01.04.2009 · Schon dreimal ist eine Fusion der beiden genossenschaftlichen Spitzeninstitute DZ Bank und WGZ Bank gescheitert. Seit Sommer des vergangenen Jahres haben die beiden genossenschaftlichen Zentralbanken nochmals verhandelt. Nun haben sie die Fusion abermals abgeblasen
Die genossenschaftlichen Zentralbanken DZ Bank und WGZ Bank haben in letzter Minute die seit Mitte vergangenen Jahres vorbereitete Fusion abgeblasen. In einer Erklärung der beiden Banken heißt es, man sei übereingekommen, die Fusionsgespräche „derzeit nicht weiter zu verfolgen“. Als maßgeblicher Grund wurde die Situation an den internationalen Finanzmärkten angeführt, die zu einem hohen Maß an Verunsicherung geführt habe.
DZ Bank und WGZ Bank würden jedoch ihre gute bisherige Zusammenarbeit weiter ausbauen und dabei wichtige Projekte sowohl für die beiden Häuser als auch für den Verbund realisieren.

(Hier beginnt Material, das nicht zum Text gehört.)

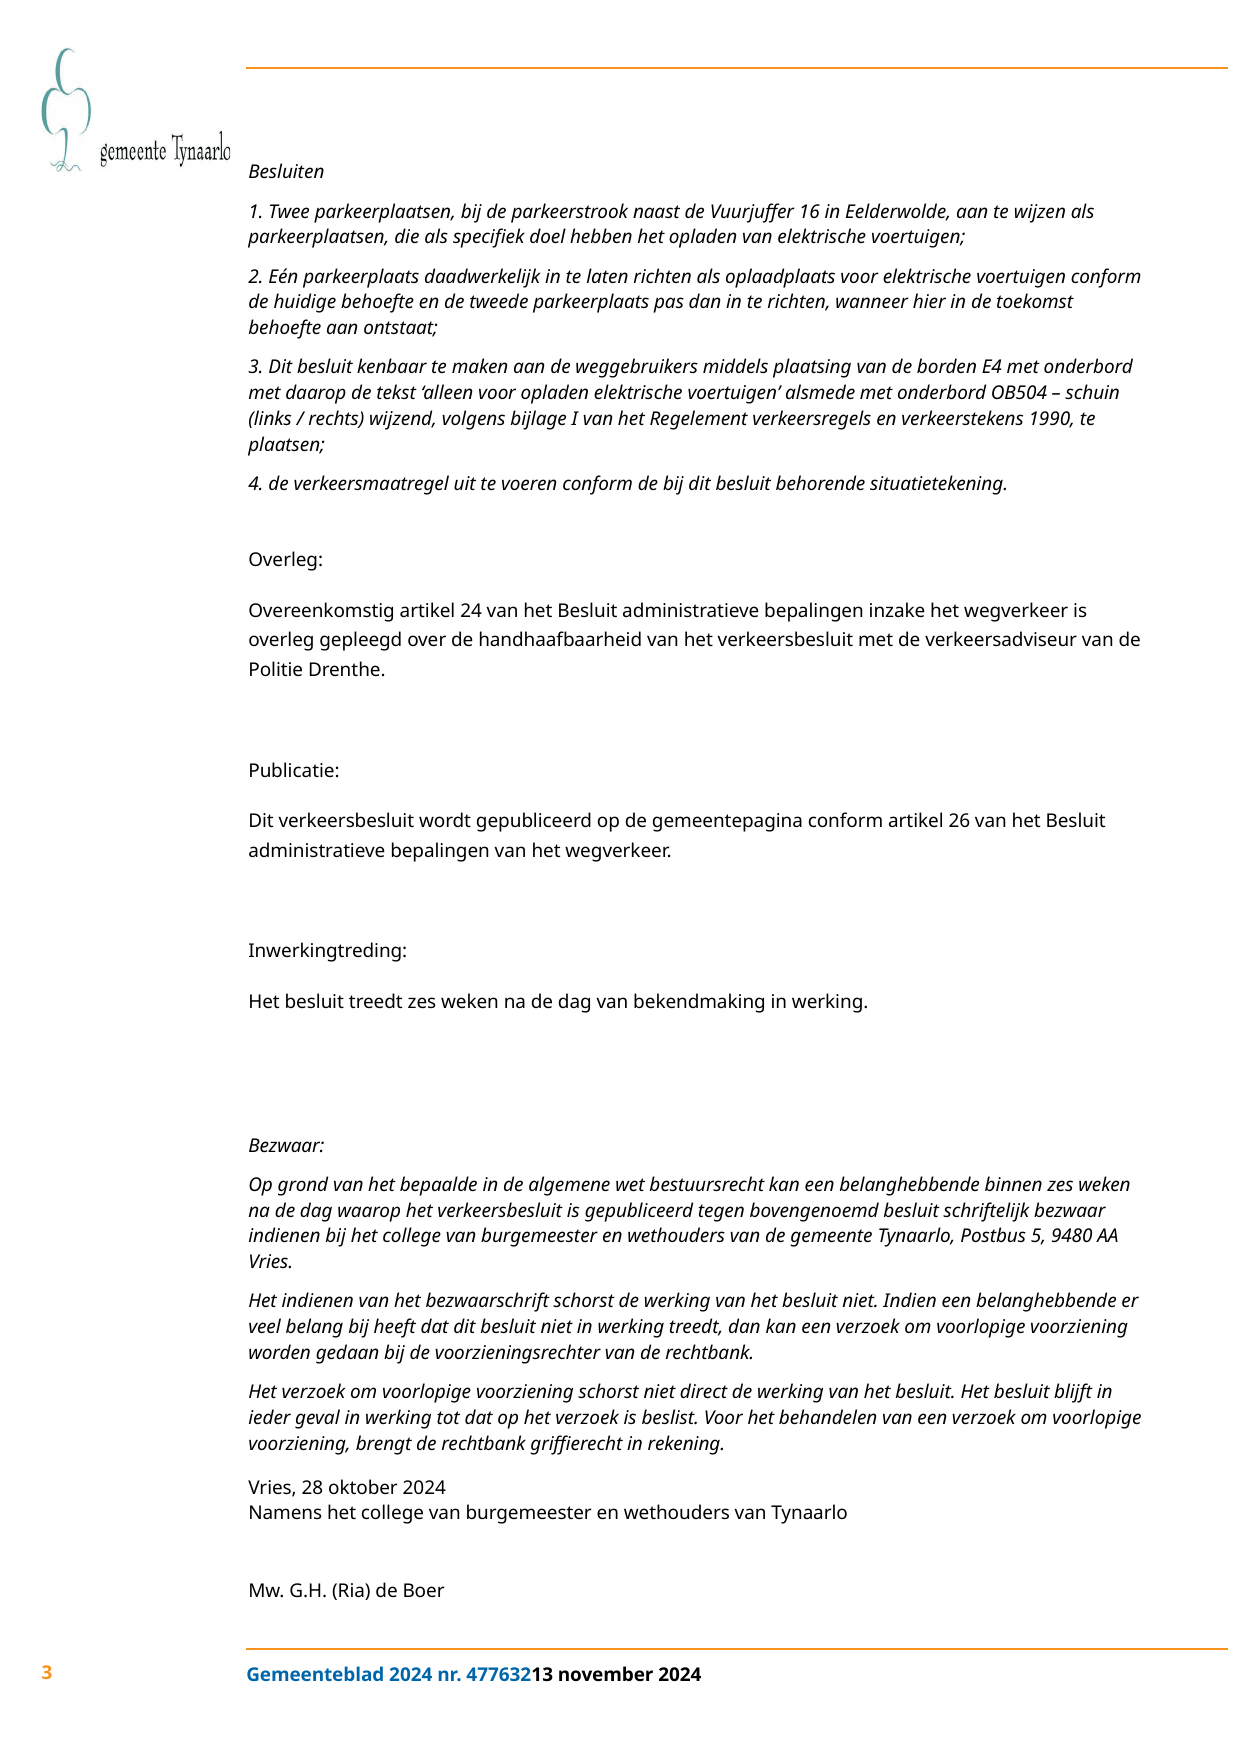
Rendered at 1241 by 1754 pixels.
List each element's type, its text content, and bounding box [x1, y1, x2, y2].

text 2. Eén parkeerplaats daadwerkelijk in te laten richten als oplaadplaats voor elektrische voertuigen conform de huidige behoefte en de tweede parkeerplaats pas dan in te richten, wanneer hier in de toekomst behoefte aan ontstaat; [248, 263, 1152, 340]
text Overleg: [248, 546, 1152, 572]
text Overeenkomstig artikel 24 van het Besluit administratieve bepalingen inzake het wegverkeer is overleg gepleegd over de handhaafbaarheid van het verkeersbesluit met de verkeersadviseur van de Politie Drenthe. [248, 597, 1152, 682]
text 3. Dit besluit kenbaar te maken aan de weggebruikers middels plaatsing van de borden E4 met onderbord met daarop de tekst ‘alleen voor opladen elektrische voertuigen’ alsmede met onderbord OB504 – schuin (links / rechts) wijzend, volgens bijlage I van het Regelement verkeersregels en verkeerstekens 1990, te plaatsen; [248, 354, 1152, 457]
text Besluiten [248, 159, 1152, 184]
text Het besluit treedt zes weken na de dag van bekendmaking in werking. [248, 988, 1152, 1014]
text 1. Twee parkeerplaatsen, bij de parkeerstrook naast de Vuurjuffer 16 in Eelderwolde, aan te wijzen als parkeerplaatsen, die als specifiek doel hebben het opladen van elektrische voertuigen; [248, 198, 1152, 249]
text Mw. G.H. (Ria) de Boer [248, 1577, 1152, 1602]
text Inwerkingtreding: [248, 938, 1152, 963]
text Namens het college van burgemeester en wethouders van Tynaarlo [248, 1499, 1152, 1525]
text 4. de verkeersmaatregel uit te voeren conform de bij dit besluit behorende situatietekening. [248, 470, 1152, 496]
text Het indienen van het bezwaarschrift schorst de werking van het besluit niet. Indien een belanghebbende er veel belang bij heeft dat dit besluit niet in werking treedt, dan kan een verzoek om voorlopige voorziening worden gedaan bij de voorzieningsrechter van de rechtbank. [248, 1288, 1152, 1365]
text Het verzoek om voorlopige voorziening schorst niet direct de werking van het besluit. Het besluit blijft in ieder geval in werking tot dat op het verzoek is beslist. Voor het behandelen van een verzoek om voorlopige voorziening, brengt de rechtbank griffierecht in rekening. [248, 1378, 1152, 1456]
picture [41, 47, 231, 172]
text Publicatie: [248, 757, 1152, 782]
text Dit verkeersbesluit wordt gepubliceerd op de gemeentepagina conform artikel 26 van het Besluit administratieve bepalingen van het wegverkeer. [248, 807, 1152, 862]
text Op grond van het bepaalde in de algemene wet bestuursrecht kan een belanghebbende binnen zes weken na de dag waarop het verkeersbesluit is gepubliceerd tegen bovengenoemd besluit schriftelijk bezwaar indienen bij het college van burgemeester en wethouders van de gemeente Tynaarlo, Postbus 5, 9480 AA Vries. [248, 1171, 1152, 1274]
text Bezwaar: [248, 1132, 1152, 1158]
text Vries, 28 oktober 2024 [248, 1474, 1152, 1499]

Problem: die Frage der Altlasten
Die beiden Banken sind die Zentralstellen von rund 1200 Volks- und Raiffeisenbanken, die auch die Eigentümer sind. Zudem gehören zur DZ Bank auch die Bausparkasse Schwäbisch Hall oder die R&V-Versicherung. Neben Privatbanken und Sparkassen bilden die Genossenschaftsbanken die dritte große Säule im deutschen Bankensektor. Mit der Fusion sollte nur noch ein Spitzeninstitut für den gesamten Bereich zuständig sein.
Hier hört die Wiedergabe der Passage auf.